The words held a threat, but not her meaning, I was sure. And what better way to orient myself than in the home of a friend?
That was some home she had. Massive, in an architecture I’d assumed was confined to the south-eastern United States. Two-story place, with huge, two-story pillars and a house-wide front porch, the great lawn studded with giant trees.
And she lived there alone, excepting for the servants. She was no huddler, and I told her that.
“Dad owned a lot of property in this town,” she said. “He was a great believer in the future of this town.”
At the time I didn’t understand what that had to do with her lack of huddling.
The guest house was small, but very comfortable, a place of three bedrooms and two baths and a square living room with a natural stone fireplace.
I had my first night of sleep on this planet, and slept very well. I woke to a cloudy morning, and the sound of someone knocking on the front door.

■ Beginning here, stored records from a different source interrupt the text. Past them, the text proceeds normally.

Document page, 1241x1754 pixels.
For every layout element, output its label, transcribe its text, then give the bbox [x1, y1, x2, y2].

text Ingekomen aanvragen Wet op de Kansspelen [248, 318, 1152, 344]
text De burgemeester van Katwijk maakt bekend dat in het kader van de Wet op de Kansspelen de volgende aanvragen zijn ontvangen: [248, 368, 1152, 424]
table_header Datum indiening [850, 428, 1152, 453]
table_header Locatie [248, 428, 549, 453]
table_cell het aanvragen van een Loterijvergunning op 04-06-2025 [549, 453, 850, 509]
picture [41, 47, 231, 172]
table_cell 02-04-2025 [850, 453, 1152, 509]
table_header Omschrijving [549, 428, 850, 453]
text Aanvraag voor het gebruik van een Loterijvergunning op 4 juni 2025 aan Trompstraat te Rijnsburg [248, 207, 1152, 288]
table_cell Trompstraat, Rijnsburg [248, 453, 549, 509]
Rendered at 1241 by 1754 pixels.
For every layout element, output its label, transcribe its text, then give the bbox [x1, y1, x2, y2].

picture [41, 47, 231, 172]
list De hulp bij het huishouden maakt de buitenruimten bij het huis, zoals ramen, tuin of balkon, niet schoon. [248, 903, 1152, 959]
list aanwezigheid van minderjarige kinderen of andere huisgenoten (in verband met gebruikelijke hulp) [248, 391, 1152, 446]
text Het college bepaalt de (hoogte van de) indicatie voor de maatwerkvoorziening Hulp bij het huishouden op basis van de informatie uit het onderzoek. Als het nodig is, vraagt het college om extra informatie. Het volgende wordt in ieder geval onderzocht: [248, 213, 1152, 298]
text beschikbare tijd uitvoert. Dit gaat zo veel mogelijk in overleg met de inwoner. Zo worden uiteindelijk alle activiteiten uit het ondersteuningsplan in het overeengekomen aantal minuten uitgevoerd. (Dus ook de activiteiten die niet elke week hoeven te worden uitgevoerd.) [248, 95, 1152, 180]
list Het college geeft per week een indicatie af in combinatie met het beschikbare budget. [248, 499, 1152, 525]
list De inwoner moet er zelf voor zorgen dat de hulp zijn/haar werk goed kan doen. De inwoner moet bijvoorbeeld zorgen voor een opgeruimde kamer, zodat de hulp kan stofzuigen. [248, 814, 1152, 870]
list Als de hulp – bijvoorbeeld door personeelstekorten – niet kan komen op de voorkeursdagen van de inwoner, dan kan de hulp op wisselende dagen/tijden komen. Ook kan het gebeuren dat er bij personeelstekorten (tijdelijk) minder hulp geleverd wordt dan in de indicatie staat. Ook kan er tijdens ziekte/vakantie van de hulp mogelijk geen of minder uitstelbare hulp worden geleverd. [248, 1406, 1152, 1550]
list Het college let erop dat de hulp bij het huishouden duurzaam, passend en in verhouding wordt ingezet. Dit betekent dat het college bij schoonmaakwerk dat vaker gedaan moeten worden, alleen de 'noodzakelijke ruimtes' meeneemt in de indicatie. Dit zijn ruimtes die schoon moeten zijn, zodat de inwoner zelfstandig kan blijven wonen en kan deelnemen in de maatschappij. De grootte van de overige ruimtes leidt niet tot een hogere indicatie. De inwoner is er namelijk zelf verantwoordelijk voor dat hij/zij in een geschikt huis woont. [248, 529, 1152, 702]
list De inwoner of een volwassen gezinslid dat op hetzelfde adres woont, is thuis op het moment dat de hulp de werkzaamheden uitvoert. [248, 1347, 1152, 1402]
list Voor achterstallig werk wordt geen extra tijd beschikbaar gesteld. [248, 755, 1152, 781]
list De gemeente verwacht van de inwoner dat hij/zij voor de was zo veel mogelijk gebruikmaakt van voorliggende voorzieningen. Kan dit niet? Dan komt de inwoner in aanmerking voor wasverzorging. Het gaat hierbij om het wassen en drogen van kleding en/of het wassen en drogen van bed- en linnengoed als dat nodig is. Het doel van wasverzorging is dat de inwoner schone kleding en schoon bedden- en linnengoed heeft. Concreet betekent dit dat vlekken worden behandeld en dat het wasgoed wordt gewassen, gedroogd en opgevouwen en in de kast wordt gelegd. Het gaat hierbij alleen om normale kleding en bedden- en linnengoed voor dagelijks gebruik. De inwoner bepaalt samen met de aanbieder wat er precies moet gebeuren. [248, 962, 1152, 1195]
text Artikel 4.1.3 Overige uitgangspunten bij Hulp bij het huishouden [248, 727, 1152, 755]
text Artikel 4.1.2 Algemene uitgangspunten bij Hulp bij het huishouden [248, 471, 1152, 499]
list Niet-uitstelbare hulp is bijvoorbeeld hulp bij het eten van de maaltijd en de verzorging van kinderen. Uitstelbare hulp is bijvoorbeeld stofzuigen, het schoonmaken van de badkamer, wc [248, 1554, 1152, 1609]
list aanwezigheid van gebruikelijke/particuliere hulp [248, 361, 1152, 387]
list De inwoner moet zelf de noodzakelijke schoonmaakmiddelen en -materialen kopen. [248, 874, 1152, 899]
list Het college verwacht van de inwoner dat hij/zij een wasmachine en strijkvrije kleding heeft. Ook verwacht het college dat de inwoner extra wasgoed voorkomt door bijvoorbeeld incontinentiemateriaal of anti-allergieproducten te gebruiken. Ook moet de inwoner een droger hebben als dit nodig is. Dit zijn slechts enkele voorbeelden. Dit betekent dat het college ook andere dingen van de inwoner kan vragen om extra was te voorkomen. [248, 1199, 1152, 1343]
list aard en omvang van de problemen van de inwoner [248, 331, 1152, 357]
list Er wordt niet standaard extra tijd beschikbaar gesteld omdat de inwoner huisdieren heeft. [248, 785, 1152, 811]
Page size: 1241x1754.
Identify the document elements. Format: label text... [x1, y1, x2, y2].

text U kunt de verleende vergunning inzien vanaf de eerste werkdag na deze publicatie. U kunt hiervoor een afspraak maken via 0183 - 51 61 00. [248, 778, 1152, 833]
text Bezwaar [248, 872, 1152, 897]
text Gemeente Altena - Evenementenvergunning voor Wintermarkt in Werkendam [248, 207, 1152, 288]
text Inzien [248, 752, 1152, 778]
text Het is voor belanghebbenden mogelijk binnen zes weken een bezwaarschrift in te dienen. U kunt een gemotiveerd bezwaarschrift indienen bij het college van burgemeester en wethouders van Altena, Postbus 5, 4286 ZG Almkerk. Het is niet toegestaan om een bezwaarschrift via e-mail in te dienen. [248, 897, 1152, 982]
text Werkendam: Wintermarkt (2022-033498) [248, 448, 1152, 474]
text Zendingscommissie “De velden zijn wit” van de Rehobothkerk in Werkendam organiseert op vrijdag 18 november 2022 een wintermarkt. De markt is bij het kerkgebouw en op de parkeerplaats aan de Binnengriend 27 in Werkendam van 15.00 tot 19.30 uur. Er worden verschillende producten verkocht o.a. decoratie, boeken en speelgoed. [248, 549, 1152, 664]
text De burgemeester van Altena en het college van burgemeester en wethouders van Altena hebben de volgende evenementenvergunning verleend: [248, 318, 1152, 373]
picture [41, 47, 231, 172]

It was a servant, and she said, “Miss Decker sent me to inform you that breakfast will be ready any time you want it, sir. We are eating inside, this morning, because of the cold.”
“I’ll be there, soon, thank you,” I said, and she went away.
Showering, I was thinking of Akers for some reason and his directed theory and what was that other theory he’d had? Oh, yes, the twin planets. Senile, he was, by that time and not much listened to, but a mind like that? And who had he been associated with at that time? It was before my birth, but I’d read about it, long ago. The Visitor, Akers had called this man. The Earth man who had come to Venus. And what had his name been?
Beer—? Beers—? No, but like that—and it came.
Ambrose Bierce.
Jean wore a light green robe, for breakfast, and it was difficult for me to take my eyes away from her.